## WHAT YOU ARE ASKED TO DO
From the line containing "Lengths in metres" through the last line of the data, return those lines exactly as written and nothing more.
□ □ □ □ □
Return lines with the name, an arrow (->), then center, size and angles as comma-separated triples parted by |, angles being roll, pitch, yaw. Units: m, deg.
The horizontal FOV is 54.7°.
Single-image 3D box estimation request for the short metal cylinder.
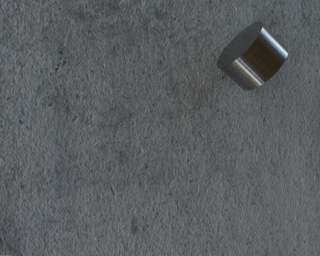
short metal cylinder -> 0.126, -0.098, 0.426 | 0.050, 0.080, 0.080 | 38, 78, -16
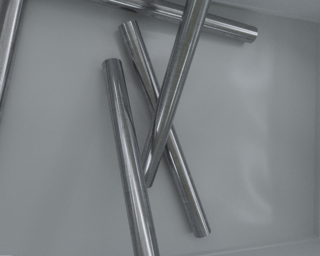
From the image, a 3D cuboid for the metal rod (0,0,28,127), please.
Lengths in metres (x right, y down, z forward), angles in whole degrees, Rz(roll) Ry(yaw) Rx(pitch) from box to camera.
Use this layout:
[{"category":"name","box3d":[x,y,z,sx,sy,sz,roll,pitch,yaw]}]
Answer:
[{"category":"metal rod","box3d":[-0.184,-0.031,0.342,0.025,0.025,0.298,12,86,-20]}]

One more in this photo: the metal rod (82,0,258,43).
[{"category":"metal rod","box3d":[-0.001,-0.153,0.400,0.302,0.025,0.025,6,88,-23]}]

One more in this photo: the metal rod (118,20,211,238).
[{"category":"metal rod","box3d":[0.009,0.007,0.413,0.025,0.025,0.298,-22,98,-19]}]

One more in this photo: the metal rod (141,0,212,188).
[{"category":"metal rod","box3d":[0.019,-0.062,0.351,0.025,0.025,0.298,9,112,-20]}]

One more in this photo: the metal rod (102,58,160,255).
□ □ □ □ □
## RESPONSE TO THIS TASK
Lengths in metres (x right, y down, z forward), angles in whole degrees, Rz(roll) Ry(yaw) Rx(pitch) from box to camera.
Use this layout:
[{"category":"name","box3d":[x,y,z,sx,sy,sz,roll,pitch,yaw]}]
Answer:
[{"category":"metal rod","box3d":[-0.184,-0.031,0.342,0.025,0.025,0.298,12,86,-20]}]

One more in this photo: the metal rod (82,0,258,43).
[{"category":"metal rod","box3d":[-0.001,-0.153,0.400,0.302,0.025,0.025,6,88,-23]}]

One more in this photo: the metal rod (118,20,211,238).
[{"category":"metal rod","box3d":[0.009,0.007,0.413,0.025,0.025,0.298,-22,98,-19]}]

One more in this photo: the metal rod (141,0,212,188).
[{"category":"metal rod","box3d":[0.019,-0.062,0.351,0.025,0.025,0.298,9,112,-20]}]

One more in this photo: the metal rod (102,58,160,255).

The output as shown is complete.